> WHAT YOU HAVE TO DO
Copy out each line of the data that includes the string "from".

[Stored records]

★ ★ ★ ★ ★

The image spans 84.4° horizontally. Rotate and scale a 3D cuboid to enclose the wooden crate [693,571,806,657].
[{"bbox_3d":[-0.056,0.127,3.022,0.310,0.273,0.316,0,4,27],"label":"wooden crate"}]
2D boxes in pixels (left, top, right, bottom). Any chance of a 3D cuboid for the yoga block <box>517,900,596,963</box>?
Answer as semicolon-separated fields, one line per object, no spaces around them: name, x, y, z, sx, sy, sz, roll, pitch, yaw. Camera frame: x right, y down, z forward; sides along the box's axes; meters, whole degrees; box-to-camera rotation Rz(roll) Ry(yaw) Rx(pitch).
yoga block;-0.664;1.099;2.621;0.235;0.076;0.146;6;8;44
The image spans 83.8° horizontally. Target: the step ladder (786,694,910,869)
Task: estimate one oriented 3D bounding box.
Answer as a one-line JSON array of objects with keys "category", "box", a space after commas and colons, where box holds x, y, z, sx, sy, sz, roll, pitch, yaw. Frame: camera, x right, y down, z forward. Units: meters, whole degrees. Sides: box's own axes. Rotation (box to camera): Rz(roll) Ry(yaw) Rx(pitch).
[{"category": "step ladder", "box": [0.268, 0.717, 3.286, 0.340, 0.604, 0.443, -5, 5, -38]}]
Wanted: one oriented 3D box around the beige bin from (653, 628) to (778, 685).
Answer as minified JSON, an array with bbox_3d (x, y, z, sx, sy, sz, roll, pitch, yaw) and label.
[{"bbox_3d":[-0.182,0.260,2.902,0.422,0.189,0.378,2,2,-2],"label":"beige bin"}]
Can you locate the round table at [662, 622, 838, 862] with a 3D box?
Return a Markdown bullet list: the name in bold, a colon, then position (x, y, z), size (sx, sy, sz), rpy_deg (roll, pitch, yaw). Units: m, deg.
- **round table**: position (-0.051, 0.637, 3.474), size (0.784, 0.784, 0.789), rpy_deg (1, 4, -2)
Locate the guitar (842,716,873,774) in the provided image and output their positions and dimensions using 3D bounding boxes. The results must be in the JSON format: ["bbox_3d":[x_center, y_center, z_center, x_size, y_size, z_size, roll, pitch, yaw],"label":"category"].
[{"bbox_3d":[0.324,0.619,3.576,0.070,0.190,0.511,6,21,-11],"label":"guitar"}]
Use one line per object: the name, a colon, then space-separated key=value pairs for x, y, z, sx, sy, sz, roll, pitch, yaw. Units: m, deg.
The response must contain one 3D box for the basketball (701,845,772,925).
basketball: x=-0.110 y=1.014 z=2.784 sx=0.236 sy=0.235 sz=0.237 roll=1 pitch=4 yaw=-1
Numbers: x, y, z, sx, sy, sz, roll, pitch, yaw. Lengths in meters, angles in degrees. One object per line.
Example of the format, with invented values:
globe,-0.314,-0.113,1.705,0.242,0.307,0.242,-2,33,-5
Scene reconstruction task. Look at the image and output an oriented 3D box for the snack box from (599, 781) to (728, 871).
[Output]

★ ★ ★ ★ ★

> RESULT OF THE EXERCISE
Wanted: one oriented 3D box around the beige bin from (653, 628) to (778, 685).
Scene reconstruction task. Look at the image and output an oriented 3D box for the snack box from (599, 781) to (728, 871).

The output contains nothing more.